Convém aqui discorrer brevemente sobre a interpretação de filmes (e textos e obras de arte de modo geral). Existem interpretações certas e erradas (dizer, por exemplo, que “As duas Irenes” é metáfora da condição social da Nigéria é dar uma interpretação errada do filme). O filósofo e linguista búlgaro Tzvetan Todorov, em Estruturalismo e poética, afirma que, dentre as interpretações plausíveis, existem boas e más; e que a melhor é a que consegue explicar o maior número de elementos da obra; ou seja, é a que cobre o maior número de pontos do texto. Grandes cineastas tratam de temas complexos e são cuidadosos em se concentrar neles, evitando discorrer sobre o que é supérfluo. Esse cuidado do cineasta é essencial para o espectador que analisa a obra, porque o faz partir do pressuposto de que no filme tudo é importante, se encaixa e deve ser considerado para um sentido global.

Gostaria de esclarecer este ponto, tomando como exemplo o filme “A separação”, já exibido na Fundec e comentado nesta coluna. Como “As duas Irenes”, o filme de Asghar Farhadi contém duas histórias que caminham juntas: a separação do casal Nader e Simin e o processo judicial movido por uma cuidadora contra o protagonista. Se o processo fosse inserido como recurso comercial de dar à obra certo suspense, cairia no defeito de muitos filmes: o de prejudicar a compreensão da tese central (a separação) pela dispersão de fatos estranhos a ela (o processo). Mas, tomando as duas condições extremas da escala das instituições nos âmbitos privado e público -- família e justiça --, o filme transmite a noção de que, despeito do esforço do ser humano de tornar sua vida previsível e sob controle, ele é submetido a instituições das esferas pública e privada que não são racionalizáveis. A fusão das duas histórias aprofundou e ampliou as teses que poderiam ser extraídas de cada uma separadamente.

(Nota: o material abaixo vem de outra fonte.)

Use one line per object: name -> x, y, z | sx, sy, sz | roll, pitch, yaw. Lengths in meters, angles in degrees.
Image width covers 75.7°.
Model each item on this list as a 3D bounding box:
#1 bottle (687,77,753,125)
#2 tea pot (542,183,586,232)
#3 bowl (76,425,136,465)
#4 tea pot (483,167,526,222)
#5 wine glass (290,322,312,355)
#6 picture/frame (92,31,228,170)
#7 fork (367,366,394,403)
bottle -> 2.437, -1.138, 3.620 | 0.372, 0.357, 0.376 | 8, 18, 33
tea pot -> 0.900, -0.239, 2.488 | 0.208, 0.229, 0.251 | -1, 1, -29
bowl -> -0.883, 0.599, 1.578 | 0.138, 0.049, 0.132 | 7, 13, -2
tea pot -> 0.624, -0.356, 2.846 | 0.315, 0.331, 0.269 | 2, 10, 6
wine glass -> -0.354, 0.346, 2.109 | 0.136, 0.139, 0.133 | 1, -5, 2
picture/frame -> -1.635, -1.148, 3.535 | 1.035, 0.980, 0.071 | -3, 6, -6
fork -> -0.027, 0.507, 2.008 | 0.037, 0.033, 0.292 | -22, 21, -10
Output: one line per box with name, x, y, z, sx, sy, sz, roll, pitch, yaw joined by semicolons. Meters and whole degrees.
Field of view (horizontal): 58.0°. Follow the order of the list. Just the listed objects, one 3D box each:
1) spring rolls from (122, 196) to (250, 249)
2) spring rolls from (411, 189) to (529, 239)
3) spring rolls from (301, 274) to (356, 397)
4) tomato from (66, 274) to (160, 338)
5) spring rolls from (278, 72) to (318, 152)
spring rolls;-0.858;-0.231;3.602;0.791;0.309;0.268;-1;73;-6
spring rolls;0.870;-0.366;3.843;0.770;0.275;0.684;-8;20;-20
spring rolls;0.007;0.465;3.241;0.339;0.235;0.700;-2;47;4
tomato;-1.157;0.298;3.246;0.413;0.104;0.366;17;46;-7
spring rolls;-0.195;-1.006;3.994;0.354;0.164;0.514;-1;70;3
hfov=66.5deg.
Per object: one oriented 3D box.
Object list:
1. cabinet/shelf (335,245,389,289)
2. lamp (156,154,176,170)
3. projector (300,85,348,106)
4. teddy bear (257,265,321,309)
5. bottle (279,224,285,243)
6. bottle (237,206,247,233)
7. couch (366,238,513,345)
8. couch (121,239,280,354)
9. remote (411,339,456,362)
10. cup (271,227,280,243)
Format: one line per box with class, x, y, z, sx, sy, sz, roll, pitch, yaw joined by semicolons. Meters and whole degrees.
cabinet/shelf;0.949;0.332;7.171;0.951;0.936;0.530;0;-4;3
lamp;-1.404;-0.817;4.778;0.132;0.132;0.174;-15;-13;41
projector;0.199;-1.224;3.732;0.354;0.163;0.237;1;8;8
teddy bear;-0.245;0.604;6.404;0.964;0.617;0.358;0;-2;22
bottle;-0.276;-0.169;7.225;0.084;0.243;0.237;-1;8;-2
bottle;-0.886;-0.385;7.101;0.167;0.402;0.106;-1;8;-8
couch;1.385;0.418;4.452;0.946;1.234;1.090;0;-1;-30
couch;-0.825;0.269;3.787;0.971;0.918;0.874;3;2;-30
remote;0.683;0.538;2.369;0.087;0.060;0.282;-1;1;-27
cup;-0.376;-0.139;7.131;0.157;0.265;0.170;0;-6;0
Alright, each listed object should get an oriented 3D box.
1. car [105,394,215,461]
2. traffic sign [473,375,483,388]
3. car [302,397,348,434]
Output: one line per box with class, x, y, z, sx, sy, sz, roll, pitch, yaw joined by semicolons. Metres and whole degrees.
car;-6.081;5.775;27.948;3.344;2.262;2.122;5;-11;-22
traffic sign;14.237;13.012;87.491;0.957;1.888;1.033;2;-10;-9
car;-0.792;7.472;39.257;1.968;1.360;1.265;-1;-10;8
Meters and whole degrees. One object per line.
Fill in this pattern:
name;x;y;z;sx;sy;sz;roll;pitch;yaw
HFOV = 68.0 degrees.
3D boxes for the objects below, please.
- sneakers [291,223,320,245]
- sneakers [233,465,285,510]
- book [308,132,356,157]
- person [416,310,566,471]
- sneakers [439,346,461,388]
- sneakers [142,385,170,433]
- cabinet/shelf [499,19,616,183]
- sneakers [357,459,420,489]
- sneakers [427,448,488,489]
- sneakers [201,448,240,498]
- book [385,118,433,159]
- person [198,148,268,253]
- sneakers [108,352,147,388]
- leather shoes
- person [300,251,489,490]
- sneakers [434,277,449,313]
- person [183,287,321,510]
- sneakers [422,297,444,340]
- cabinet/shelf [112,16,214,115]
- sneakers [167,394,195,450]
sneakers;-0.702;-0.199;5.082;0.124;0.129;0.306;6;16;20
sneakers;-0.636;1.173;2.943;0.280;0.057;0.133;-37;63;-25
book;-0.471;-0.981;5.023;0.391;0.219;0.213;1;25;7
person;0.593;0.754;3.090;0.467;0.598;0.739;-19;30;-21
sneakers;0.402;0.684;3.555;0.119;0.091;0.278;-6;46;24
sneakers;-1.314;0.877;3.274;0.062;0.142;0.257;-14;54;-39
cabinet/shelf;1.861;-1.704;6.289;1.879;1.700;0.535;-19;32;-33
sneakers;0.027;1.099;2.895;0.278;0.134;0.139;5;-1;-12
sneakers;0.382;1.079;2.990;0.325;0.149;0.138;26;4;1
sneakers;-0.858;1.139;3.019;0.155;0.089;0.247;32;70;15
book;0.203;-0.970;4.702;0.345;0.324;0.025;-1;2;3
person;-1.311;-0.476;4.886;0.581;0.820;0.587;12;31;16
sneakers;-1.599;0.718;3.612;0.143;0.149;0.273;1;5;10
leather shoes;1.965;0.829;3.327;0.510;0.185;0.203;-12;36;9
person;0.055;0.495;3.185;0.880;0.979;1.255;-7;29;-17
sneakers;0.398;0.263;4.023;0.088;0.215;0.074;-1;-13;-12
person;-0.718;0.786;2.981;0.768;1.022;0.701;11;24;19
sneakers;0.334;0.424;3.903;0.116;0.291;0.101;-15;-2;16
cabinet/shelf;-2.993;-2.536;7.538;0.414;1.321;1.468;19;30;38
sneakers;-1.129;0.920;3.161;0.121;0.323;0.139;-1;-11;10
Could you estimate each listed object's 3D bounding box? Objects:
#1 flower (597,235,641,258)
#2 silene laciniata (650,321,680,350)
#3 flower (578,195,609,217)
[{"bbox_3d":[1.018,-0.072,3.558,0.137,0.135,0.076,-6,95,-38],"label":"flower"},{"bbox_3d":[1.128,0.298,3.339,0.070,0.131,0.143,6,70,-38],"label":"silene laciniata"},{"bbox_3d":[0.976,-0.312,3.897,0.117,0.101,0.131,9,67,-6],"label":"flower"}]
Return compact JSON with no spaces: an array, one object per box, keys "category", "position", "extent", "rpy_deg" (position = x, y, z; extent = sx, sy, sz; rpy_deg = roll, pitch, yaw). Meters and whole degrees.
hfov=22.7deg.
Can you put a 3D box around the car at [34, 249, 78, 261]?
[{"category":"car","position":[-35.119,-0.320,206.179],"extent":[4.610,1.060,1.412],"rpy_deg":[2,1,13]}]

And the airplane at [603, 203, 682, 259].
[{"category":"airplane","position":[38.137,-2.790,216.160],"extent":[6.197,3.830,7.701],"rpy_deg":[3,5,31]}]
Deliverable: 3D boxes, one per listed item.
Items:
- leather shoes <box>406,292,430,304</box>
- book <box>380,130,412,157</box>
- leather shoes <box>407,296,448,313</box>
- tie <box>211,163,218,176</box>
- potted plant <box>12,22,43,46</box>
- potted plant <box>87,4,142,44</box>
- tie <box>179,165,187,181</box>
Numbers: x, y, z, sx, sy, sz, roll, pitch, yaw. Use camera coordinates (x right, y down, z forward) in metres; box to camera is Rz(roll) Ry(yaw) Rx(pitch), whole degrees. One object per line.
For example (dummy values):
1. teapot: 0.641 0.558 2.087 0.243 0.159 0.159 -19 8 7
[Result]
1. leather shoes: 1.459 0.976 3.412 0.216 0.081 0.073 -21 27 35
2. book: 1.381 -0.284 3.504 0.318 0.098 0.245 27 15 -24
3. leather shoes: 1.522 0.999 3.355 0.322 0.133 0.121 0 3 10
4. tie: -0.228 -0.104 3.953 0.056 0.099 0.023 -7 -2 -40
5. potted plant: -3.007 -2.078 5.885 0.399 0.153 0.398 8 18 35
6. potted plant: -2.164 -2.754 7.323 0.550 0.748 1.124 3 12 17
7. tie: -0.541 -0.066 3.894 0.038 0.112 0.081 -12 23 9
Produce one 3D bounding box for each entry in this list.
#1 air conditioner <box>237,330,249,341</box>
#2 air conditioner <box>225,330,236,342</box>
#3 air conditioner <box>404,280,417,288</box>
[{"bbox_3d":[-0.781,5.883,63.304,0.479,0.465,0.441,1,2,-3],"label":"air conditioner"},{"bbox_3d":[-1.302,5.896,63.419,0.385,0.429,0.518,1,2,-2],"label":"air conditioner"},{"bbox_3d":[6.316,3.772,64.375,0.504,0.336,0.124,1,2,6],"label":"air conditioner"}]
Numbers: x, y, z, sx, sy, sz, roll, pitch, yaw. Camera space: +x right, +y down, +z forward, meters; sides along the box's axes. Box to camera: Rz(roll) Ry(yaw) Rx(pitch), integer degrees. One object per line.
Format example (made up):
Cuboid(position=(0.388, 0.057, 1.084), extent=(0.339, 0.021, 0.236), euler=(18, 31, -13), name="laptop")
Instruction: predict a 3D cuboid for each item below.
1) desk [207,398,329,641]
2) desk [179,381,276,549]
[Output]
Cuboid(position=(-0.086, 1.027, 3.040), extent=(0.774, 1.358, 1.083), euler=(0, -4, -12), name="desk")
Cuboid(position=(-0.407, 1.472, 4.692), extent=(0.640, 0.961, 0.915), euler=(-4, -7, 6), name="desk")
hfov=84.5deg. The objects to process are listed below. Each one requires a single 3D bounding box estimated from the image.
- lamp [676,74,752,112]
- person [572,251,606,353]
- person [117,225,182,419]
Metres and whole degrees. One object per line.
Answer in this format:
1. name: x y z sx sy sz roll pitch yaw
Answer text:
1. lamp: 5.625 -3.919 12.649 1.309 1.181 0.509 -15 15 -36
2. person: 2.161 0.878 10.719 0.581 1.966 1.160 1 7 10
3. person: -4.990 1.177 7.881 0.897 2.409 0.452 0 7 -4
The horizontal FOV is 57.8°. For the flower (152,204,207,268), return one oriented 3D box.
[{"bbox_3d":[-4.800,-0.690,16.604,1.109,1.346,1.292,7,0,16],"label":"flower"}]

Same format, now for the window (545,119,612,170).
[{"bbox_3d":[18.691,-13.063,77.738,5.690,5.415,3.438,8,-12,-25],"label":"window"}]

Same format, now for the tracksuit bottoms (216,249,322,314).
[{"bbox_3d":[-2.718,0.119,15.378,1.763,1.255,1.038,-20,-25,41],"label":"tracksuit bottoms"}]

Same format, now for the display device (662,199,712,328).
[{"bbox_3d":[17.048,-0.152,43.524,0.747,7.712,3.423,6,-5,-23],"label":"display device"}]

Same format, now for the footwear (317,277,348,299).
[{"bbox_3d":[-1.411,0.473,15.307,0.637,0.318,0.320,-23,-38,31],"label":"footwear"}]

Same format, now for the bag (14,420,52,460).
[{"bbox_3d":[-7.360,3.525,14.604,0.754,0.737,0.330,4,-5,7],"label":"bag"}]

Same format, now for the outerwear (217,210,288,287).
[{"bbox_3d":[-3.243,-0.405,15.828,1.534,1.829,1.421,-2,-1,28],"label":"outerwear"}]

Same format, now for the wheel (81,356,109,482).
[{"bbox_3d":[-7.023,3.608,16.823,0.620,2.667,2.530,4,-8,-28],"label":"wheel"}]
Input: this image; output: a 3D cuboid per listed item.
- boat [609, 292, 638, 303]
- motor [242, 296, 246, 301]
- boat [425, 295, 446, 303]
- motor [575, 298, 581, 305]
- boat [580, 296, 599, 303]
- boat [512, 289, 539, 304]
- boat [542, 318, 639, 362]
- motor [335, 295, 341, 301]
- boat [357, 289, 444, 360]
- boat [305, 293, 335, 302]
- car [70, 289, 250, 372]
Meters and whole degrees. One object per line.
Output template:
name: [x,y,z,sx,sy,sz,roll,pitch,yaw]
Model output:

“As duas Irenes” é um bom filme, mas frustra o espectador que procura nele um sentido geral. A ousadia das vestimentas das duas jovens em uma cidadela interiorana e seus avanços ousados, sem timidez, que efetuam na direção de rapazes, mais se parecem aos das jovens do século 21. Esse anacronismo poderia ser interpretado como um discurso sobre atemporalidade da paternidade e da sexualidade. No entanto, falar que estes sejam temas atemporais é dizer o óbvio e deles se ocuparam pensadores de todos os tempos, incluindo Freud. A personalidade de Tonico, pai das duas Irenes, pode ser encontrada desde antes da década de 50 até na atualidade. Por outro lado, as atitudes das duas Irenes com respeito ao sexo oposto não são da década de 50 e isto pode assegurar quem, como eu, era adolescente naquela ocasião e morava na Capital.